Here, Comet Interceptor – the first of ESA’s ‘F-class’ rapid-development missions – will float in space while scientists search for a suitable target to return to Earth. The goal is to find an ancient comet in a wide orbit over hundreds of years, known as a long-period comet, entering the solar system for the first time. Such a comet may have originated from a vast region of icy objects called the Oort Cloud, which exists far beyond Neptune in the outer Solar System. No mission has visited such an object before. Other missions, such as ESA’s Rosetta spacecraft, have visited comets of shorter duration, which spend more time in the inner Solar System in shorter orbits and are thus more heavily replaced by the Sun.

The mission will consist of a main spacecraft and two smaller probes, one of which will be developed by the Japanese Space Agency (JAXA). Following the mission’s approval last week, ESA will now select a prime contractor to develop the main spacecraft, one of two competing designs from Thales Alenia Space in the United Kingdom and OHB Italia in Italy.

“The Comet Interceptor is going to give us the first real glimpse of an elemental body,” says Alan Fitzsimmons, a comet researcher at Queen’s University Belfast, UK, who is not involved with the mission. “We don’t know what it will look like. It will be really new, never-before-seen science.”

Once the spacecraft is located at L2, it can wait there for at least six years for a suitable target to move close enough to Earth’s orbit. When this happens, Comet Interceptor will fire its thrusters and leave L2 on a fly-by course. The main spacecraft will fly at a distance of about 1,000 kilometers from the comet to avoid any damage to nearby material, while the smaller probes will dive closer, closer to 400 kilometers from the surface.

rich rewards
The entire encounter will last only a few hours, but the scientific rewards are considerable and cannot be matched by remote observations with binoculars, including the first close-up images of the comet’s composition, gas and dust emitted, its temperature, and more. Such an ancient icy object. This will give a window on the material that formed at the beginning of the Solar System 4.5 billion years ago. “It’s a message in a bottle from the formation period,” says Michael Kuepers at ESA in Madrid, Comet Interceptor’s project scientist.

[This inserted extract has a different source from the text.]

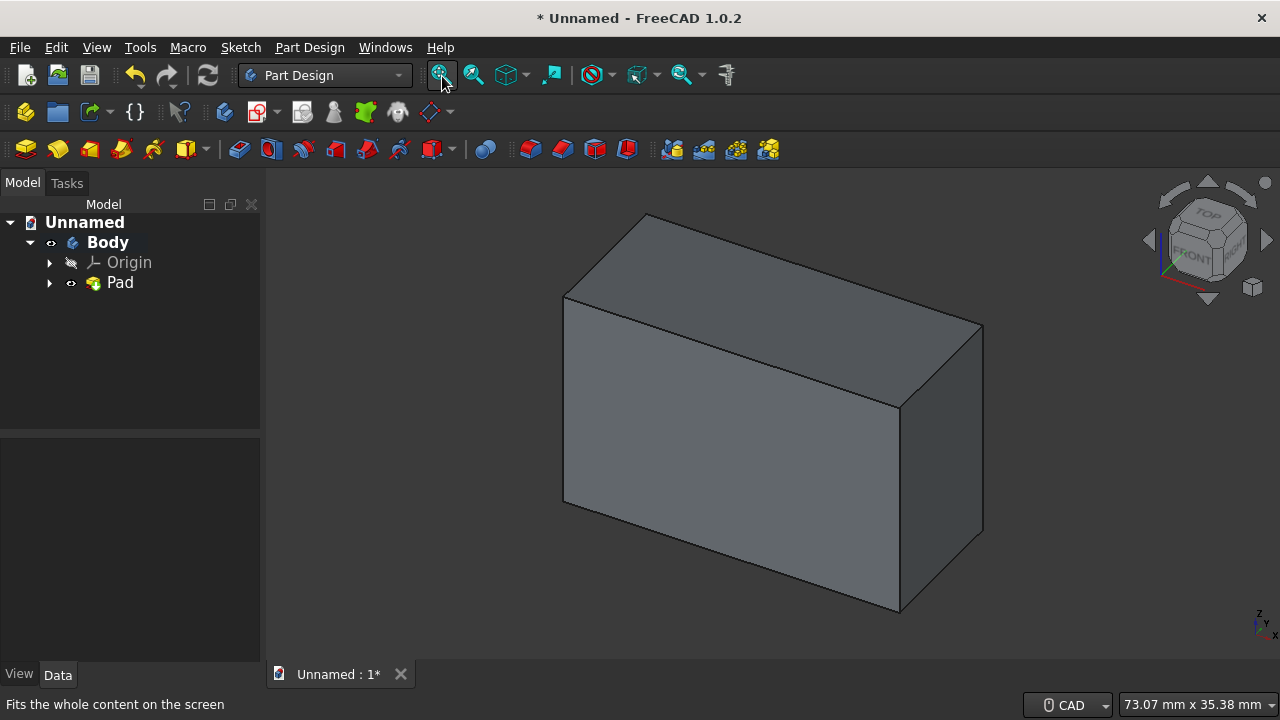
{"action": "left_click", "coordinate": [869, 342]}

More than a dozen long-period comets enter the inner Solar System each year, although not all of them will be accessible by Comet Interceptor. The team estimates an 80% chance that a suitably long-period comet will emerge at the time of comet interceptor at L2. Such comets are only observable a few months before their closest approach in the inner Solar System, so having a spacecraft ready at L2 should make a fly-by easier than trying to organize a launch at short notice from Earth. goes. In the unlikely event of a suitable long-period comet not being able to arrive, the mission would be rerouted to go to another target, such as 73P/Schwesmann–Wachmann 3, a short-period comet that had broken into pieces. It is believed to be gone.

However, an even more attractive prospect is on offer. In the past five years, two objects have been observed flying over our Sun that are believed to have been ejected from other solar systems, ‘Oumuamua in 2017 and Comet Borisov in 2019. Telescopic observations provided a tentative glimpse of these fleeting visitors, and sent one. The spacecraft can tell researchers a lot about their compositions, water content and the system they generated. If the comet is at interceptor L2, such an object is observed, and if the object passes close enough to be observable, spacecraft may instead be sent to intercept it, allowing us to pass through another solar system. Unprecedented glimpses of the material. “The interstellar-object aspect is extremely exciting,” says planetary scientist Geraint Jones at University College London, who led the team proposing the mission to ESA. “The chances of finding a suitable interstellar target are slim. But we will keep an eye.”

“This is the first time that such a rapid response mission has been done,” Kuppers says. “We don’t expect to have a huge number of potential targets. If we have a good target, we’ll go for it.”

News Summary:

  • The European Space Program That Wants to Stop a Comet
  • Check out all the news and articles from the latest space news updates.